▸ Work instructions
A faithful copy of each record is required, minus the images.

▸ Input records
□ □ □ □ □ □ □

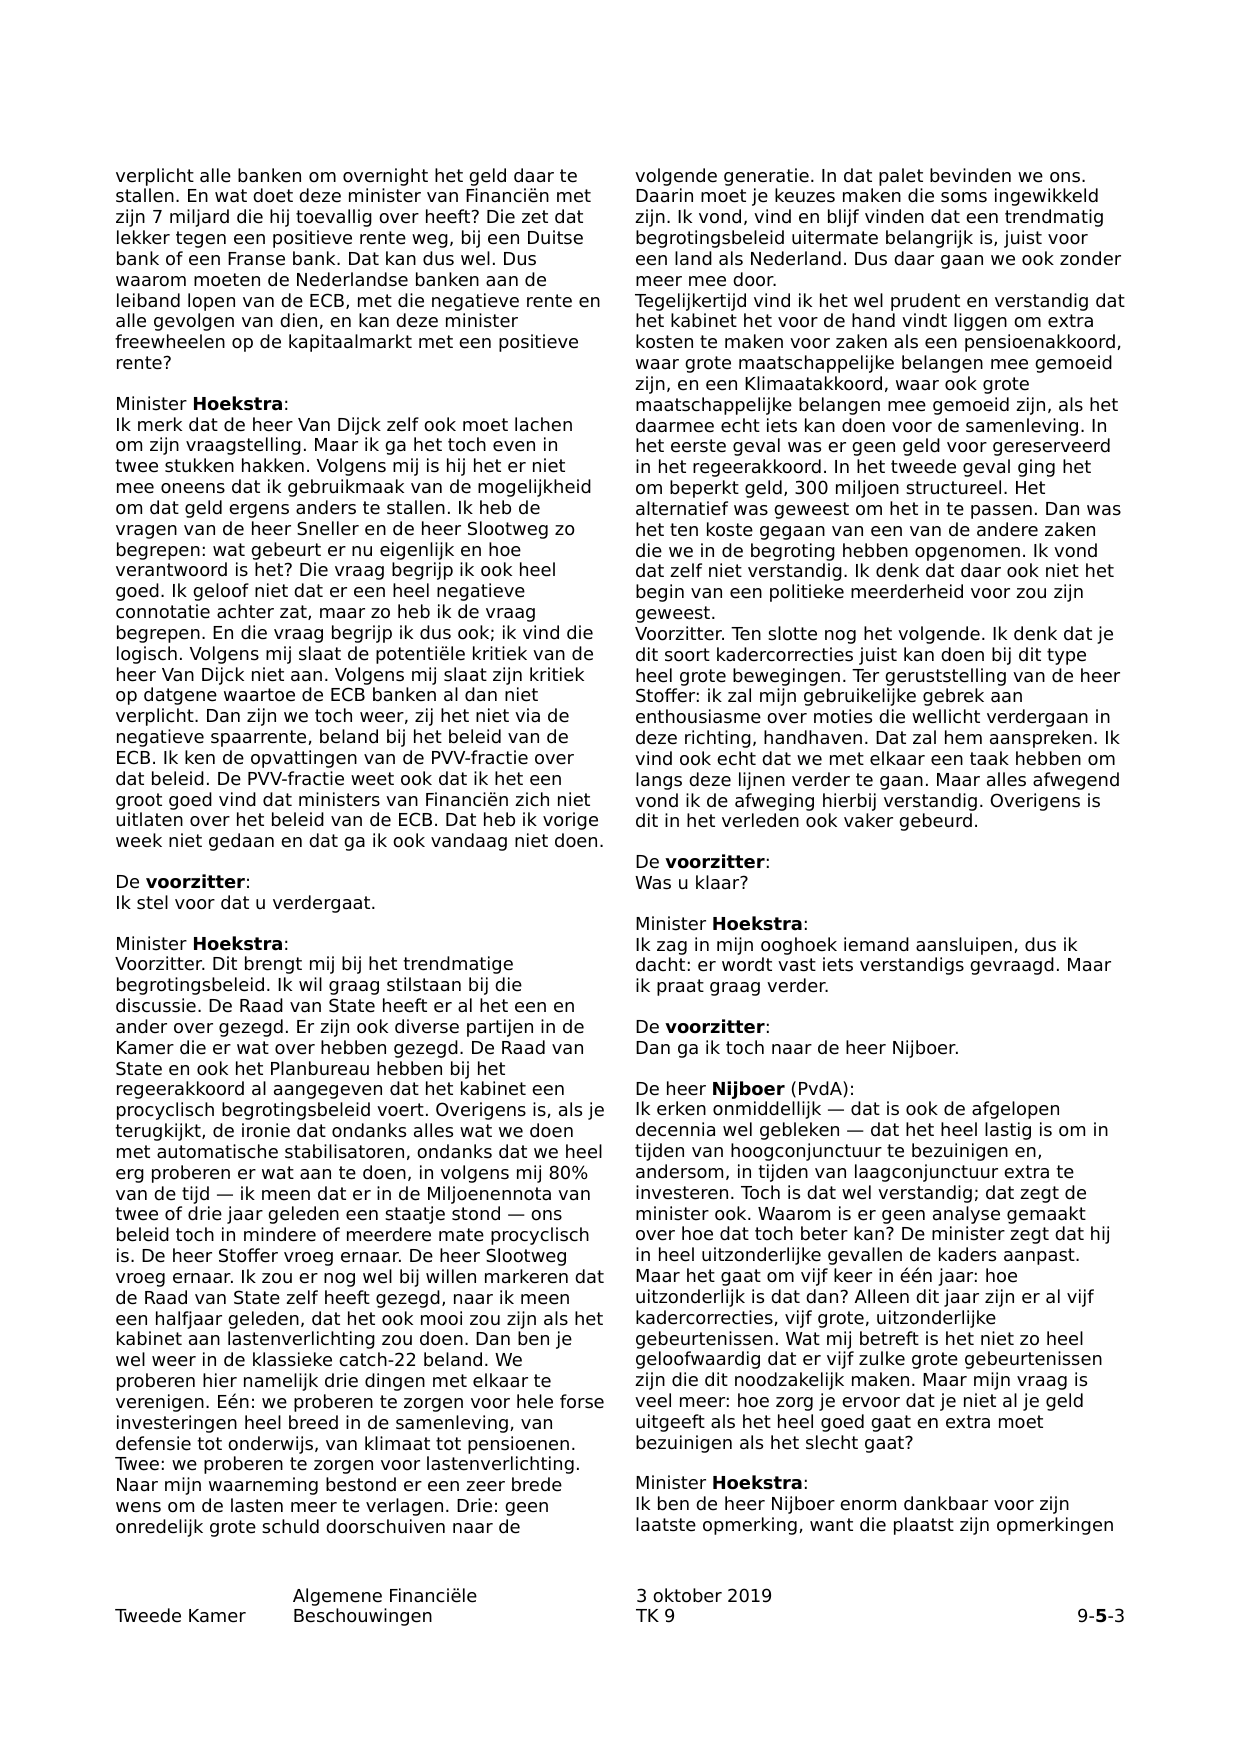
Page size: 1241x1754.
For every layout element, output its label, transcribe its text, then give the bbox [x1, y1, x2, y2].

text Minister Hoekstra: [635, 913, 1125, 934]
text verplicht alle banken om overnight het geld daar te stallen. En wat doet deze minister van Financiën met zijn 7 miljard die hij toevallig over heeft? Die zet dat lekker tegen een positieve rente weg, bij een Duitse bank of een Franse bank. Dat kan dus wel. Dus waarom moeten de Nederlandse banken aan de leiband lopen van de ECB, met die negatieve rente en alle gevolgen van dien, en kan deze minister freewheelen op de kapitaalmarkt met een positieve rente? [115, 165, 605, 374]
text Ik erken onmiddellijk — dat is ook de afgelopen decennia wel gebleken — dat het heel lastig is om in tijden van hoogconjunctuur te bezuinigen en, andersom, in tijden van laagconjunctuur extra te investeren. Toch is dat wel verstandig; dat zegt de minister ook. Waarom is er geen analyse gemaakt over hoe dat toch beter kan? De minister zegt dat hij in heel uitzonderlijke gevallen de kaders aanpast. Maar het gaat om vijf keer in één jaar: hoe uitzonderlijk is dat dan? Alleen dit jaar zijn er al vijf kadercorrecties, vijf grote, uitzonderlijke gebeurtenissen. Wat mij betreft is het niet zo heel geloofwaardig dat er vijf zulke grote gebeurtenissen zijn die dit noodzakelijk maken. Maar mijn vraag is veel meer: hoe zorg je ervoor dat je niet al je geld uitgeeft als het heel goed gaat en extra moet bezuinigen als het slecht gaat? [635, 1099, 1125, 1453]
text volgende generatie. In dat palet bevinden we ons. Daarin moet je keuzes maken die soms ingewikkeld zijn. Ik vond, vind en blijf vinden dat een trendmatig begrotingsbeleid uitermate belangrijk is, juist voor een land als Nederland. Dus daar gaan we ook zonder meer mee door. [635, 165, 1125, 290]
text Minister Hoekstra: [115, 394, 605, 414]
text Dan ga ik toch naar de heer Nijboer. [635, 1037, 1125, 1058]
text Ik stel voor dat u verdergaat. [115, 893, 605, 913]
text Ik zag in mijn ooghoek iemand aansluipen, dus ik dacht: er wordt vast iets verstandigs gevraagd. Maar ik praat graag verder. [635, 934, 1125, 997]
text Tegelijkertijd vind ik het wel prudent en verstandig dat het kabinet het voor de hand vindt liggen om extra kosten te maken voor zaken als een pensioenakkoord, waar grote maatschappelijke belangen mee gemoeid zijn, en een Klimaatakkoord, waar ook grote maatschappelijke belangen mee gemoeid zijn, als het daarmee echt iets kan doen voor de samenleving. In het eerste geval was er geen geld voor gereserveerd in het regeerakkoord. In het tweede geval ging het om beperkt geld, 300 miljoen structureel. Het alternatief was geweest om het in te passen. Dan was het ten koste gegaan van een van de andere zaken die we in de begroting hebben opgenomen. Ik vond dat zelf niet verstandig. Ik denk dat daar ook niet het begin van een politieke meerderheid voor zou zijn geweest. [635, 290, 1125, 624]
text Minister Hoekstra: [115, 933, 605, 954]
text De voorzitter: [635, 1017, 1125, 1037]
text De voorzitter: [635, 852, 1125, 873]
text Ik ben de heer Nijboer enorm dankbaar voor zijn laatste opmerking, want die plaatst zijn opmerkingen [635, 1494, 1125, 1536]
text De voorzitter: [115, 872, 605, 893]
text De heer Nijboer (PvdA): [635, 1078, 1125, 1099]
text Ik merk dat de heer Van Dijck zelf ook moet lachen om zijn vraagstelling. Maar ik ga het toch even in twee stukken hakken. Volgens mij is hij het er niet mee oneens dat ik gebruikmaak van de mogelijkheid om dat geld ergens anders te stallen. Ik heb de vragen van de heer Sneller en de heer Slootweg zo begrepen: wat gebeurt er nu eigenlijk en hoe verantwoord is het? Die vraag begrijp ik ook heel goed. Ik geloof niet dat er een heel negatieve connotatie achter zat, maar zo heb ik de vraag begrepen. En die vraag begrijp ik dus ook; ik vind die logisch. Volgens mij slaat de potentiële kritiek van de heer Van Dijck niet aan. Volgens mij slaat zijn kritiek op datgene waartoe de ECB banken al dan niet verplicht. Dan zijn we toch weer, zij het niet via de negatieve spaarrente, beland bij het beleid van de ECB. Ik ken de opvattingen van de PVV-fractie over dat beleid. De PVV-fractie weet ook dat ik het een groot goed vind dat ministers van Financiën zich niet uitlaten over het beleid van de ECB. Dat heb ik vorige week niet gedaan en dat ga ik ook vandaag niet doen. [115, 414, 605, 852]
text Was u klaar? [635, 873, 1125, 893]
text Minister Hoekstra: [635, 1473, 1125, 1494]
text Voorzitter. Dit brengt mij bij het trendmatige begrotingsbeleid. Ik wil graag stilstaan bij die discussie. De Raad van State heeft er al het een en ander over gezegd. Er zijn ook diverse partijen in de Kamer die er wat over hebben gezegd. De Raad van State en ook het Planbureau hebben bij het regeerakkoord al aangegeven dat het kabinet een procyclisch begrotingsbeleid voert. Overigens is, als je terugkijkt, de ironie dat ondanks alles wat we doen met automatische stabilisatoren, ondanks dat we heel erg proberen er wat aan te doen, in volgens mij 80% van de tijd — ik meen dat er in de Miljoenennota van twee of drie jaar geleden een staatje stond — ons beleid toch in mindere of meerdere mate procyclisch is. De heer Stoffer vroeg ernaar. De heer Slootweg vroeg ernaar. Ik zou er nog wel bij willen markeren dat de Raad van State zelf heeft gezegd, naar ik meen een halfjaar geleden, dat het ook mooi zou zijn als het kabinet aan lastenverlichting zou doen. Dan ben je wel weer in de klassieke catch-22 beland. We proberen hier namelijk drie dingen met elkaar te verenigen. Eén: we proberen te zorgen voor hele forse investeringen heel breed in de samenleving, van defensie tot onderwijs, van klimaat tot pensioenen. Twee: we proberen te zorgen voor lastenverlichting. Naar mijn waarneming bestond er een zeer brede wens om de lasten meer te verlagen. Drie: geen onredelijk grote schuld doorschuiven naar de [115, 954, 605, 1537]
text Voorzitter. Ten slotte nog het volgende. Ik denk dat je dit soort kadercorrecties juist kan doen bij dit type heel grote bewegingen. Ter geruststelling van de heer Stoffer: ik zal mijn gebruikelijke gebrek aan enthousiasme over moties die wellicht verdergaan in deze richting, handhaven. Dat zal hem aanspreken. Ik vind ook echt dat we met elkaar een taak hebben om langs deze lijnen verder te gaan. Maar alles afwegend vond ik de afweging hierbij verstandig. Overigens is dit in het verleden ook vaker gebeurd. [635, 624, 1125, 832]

□ □ □ □ □ □ □

▸ Solved exercise
Page size: 1241x1754.
For every layout element, output its label, transcribe its text, then give the bbox [x1, y1, x2, y2].

text Minister Hoekstra: [635, 913, 1125, 934]
text verplicht alle banken om overnight het geld daar te stallen. En wat doet deze minister van Financiën met zijn 7 miljard die hij toevallig over heeft? Die zet dat lekker tegen een positieve rente weg, bij een Duitse bank of een Franse bank. Dat kan dus wel. Dus waarom moeten de Nederlandse banken aan de leiband lopen van de ECB, met die negatieve rente en alle gevolgen van dien, en kan deze minister freewheelen op de kapitaalmarkt met een positieve rente? [115, 165, 605, 374]
text Ik erken onmiddellijk — dat is ook de afgelopen decennia wel gebleken — dat het heel lastig is om in tijden van hoogconjunctuur te bezuinigen en, andersom, in tijden van laagconjunctuur extra te investeren. Toch is dat wel verstandig; dat zegt de minister ook. Waarom is er geen analyse gemaakt over hoe dat toch beter kan? De minister zegt dat hij in heel uitzonderlijke gevallen de kaders aanpast. Maar het gaat om vijf keer in één jaar: hoe uitzonderlijk is dat dan? Alleen dit jaar zijn er al vijf kadercorrecties, vijf grote, uitzonderlijke gebeurtenissen. Wat mij betreft is het niet zo heel geloofwaardig dat er vijf zulke grote gebeurtenissen zijn die dit noodzakelijk maken. Maar mijn vraag is veel meer: hoe zorg je ervoor dat je niet al je geld uitgeeft als het heel goed gaat en extra moet bezuinigen als het slecht gaat? [635, 1099, 1125, 1453]
text volgende generatie. In dat palet bevinden we ons. Daarin moet je keuzes maken die soms ingewikkeld zijn. Ik vond, vind en blijf vinden dat een trendmatig begrotingsbeleid uitermate belangrijk is, juist voor een land als Nederland. Dus daar gaan we ook zonder meer mee door. [635, 165, 1125, 290]
text Minister Hoekstra: [115, 394, 605, 414]
text Dan ga ik toch naar de heer Nijboer. [635, 1037, 1125, 1058]
text Ik stel voor dat u verdergaat. [115, 893, 605, 913]
text Ik zag in mijn ooghoek iemand aansluipen, dus ik dacht: er wordt vast iets verstandigs gevraagd. Maar ik praat graag verder. [635, 934, 1125, 997]
text Tegelijkertijd vind ik het wel prudent en verstandig dat het kabinet het voor de hand vindt liggen om extra kosten te maken voor zaken als een pensioenakkoord, waar grote maatschappelijke belangen mee gemoeid zijn, en een Klimaatakkoord, waar ook grote maatschappelijke belangen mee gemoeid zijn, als het daarmee echt iets kan doen voor de samenleving. In het eerste geval was er geen geld voor gereserveerd in het regeerakkoord. In het tweede geval ging het om beperkt geld, 300 miljoen structureel. Het alternatief was geweest om het in te passen. Dan was het ten koste gegaan van een van de andere zaken die we in de begroting hebben opgenomen. Ik vond dat zelf niet verstandig. Ik denk dat daar ook niet het begin van een politieke meerderheid voor zou zijn geweest. [635, 290, 1125, 624]
text Minister Hoekstra: [115, 933, 605, 954]
text De voorzitter: [635, 1017, 1125, 1037]
text De voorzitter: [635, 852, 1125, 873]
text Ik ben de heer Nijboer enorm dankbaar voor zijn laatste opmerking, want die plaatst zijn opmerkingen [635, 1494, 1125, 1536]
text De voorzitter: [115, 872, 605, 893]
text De heer Nijboer (PvdA): [635, 1078, 1125, 1099]
text Ik merk dat de heer Van Dijck zelf ook moet lachen om zijn vraagstelling. Maar ik ga het toch even in twee stukken hakken. Volgens mij is hij het er niet mee oneens dat ik gebruikmaak van de mogelijkheid om dat geld ergens anders te stallen. Ik heb de vragen van de heer Sneller en de heer Slootweg zo begrepen: wat gebeurt er nu eigenlijk en hoe verantwoord is het? Die vraag begrijp ik ook heel goed. Ik geloof niet dat er een heel negatieve connotatie achter zat, maar zo heb ik de vraag begrepen. En die vraag begrijp ik dus ook; ik vind die logisch. Volgens mij slaat de potentiële kritiek van de heer Van Dijck niet aan. Volgens mij slaat zijn kritiek op datgene waartoe de ECB banken al dan niet verplicht. Dan zijn we toch weer, zij het niet via de negatieve spaarrente, beland bij het beleid van de ECB. Ik ken de opvattingen van de PVV-fractie over dat beleid. De PVV-fractie weet ook dat ik het een groot goed vind dat ministers van Financiën zich niet uitlaten over het beleid van de ECB. Dat heb ik vorige week niet gedaan en dat ga ik ook vandaag niet doen. [115, 414, 605, 852]
text Was u klaar? [635, 873, 1125, 893]
text Minister Hoekstra: [635, 1473, 1125, 1494]
text Voorzitter. Dit brengt mij bij het trendmatige begrotingsbeleid. Ik wil graag stilstaan bij die discussie. De Raad van State heeft er al het een en ander over gezegd. Er zijn ook diverse partijen in de Kamer die er wat over hebben gezegd. De Raad van State en ook het Planbureau hebben bij het regeerakkoord al aangegeven dat het kabinet een procyclisch begrotingsbeleid voert. Overigens is, als je terugkijkt, de ironie dat ondanks alles wat we doen met automatische stabilisatoren, ondanks dat we heel erg proberen er wat aan te doen, in volgens mij 80% van de tijd — ik meen dat er in de Miljoenennota van twee of drie jaar geleden een staatje stond — ons beleid toch in mindere of meerdere mate procyclisch is. De heer Stoffer vroeg ernaar. De heer Slootweg vroeg ernaar. Ik zou er nog wel bij willen markeren dat de Raad van State zelf heeft gezegd, naar ik meen een halfjaar geleden, dat het ook mooi zou zijn als het kabinet aan lastenverlichting zou doen. Dan ben je wel weer in de klassieke catch-22 beland. We proberen hier namelijk drie dingen met elkaar te verenigen. Eén: we proberen te zorgen voor hele forse investeringen heel breed in de samenleving, van defensie tot onderwijs, van klimaat tot pensioenen. Twee: we proberen te zorgen voor lastenverlichting. Naar mijn waarneming bestond er een zeer brede wens om de lasten meer te verlagen. Drie: geen onredelijk grote schuld doorschuiven naar de [115, 954, 605, 1537]
text Voorzitter. Ten slotte nog het volgende. Ik denk dat je dit soort kadercorrecties juist kan doen bij dit type heel grote bewegingen. Ter geruststelling van de heer Stoffer: ik zal mijn gebruikelijke gebrek aan enthousiasme over moties die wellicht verdergaan in deze richting, handhaven. Dat zal hem aanspreken. Ik vind ook echt dat we met elkaar een taak hebben om langs deze lijnen verder te gaan. Maar alles afwegend vond ik de afweging hierbij verstandig. Overigens is dit in het verleden ook vaker gebeurd. [635, 624, 1125, 832]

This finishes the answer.